There’s a problem though: Intel’s 1.2 GHz Atom Z600 chip is under-clocked to run at 600 MHz in the F-07C, and that won’t bring stellar performance to the phone’s Windows personality. Fujitsu could probably boost the chip to run at full speed, but the handset would then use more power and that quoted “up to two hours” of Windows runtime might be closer to one. Even worse, once you run down your battery using Windows, you’re stuck without a mobile phone.

Don’t get me wrong; the concept of a full computer in your pocket has sounded cool for years. In a world of smartphones and post-PC devices, however, this approach by Fujitsu takes a traditional computer view, and some would argue that today’s smartphones essentially are pocketable computers. It also exemplifies that some companies still don’t understand the mobile space and sadly appear destined to become mobile losers.

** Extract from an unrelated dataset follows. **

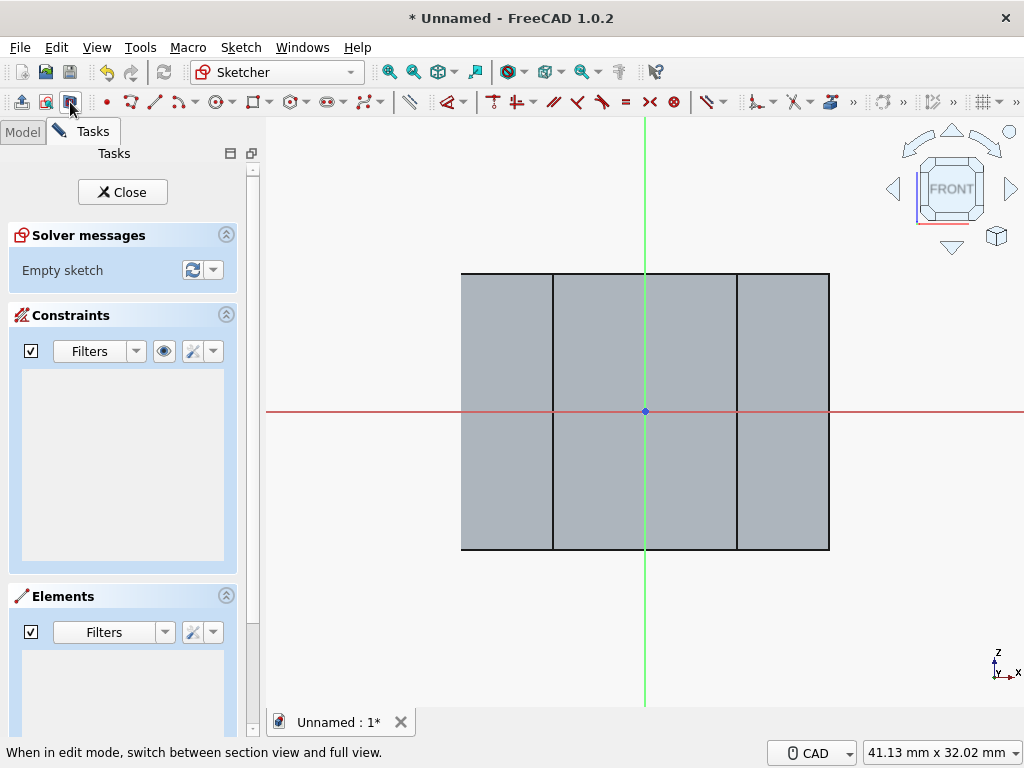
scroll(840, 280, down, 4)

10 Responses to “Windows 7 on a phone: the 2-hour post-PC device”

  1. Fernando Miralles-Wilhelm

    Well, Viliv got the N5 with 3G to market about a year ago, and it has a 5-6 hour battery life in pocketable size. I would not buy it (I don’t need W7 in my pocket), but this product by Fujitsu seems inferior at this point in the game anyway.

  2. Laughing_Boy48

    Wintards and their urgent need for a Windows desktop in their pocket. They’ll never learn that it’s the most stupidest idea ever. It would be easier for them just to put desktop computer-sized pockets on their pants. 99% of the consumer population would immediately hate the idea of running Windows desktop on a smartphone. Mark this smartphone as another failure in a long, long line of attempts at running Windows desktop on a hand-held device. If Fujitsu manages to sell 1,000 of these tech-nerd smartphones, color me astounded.

  3. Wait, are you saying Intel’s BEST Atom so far that is supposed to compete with ARM has to be underclocked to 600 MHZ and it STILL keeps the phone powered for only 2 hours?

    Intel is in a worse situation than I thought. They should stop competing with ARM using Atom, like right now. If they still aren’t even close to being competitive in 2011, that means they’ll waste a few more years just to improve it, but ARM won’t stand still.

  4. Stuart

    Fujitsu builds this device for the Japanese market only. They have much different needs than the US market. Their version of Symbian is not for the UI like Symbian 3 but more for the internals. It’s perfectly adequate for that. It will be nice if someone can take that device and put other OS on it.

  5. Nigel Tufnel

    Let’s see, they probably spent at least $10M on R&D and tooling on this, and they’ll probably sell, at most, about 10,000 of them, and I think I’m being charitable. So even if they sell each on for $700, it could cost Nokia about $300 for each one they sell. Great business sense, I can’t believe they’re struggling with such great ideas.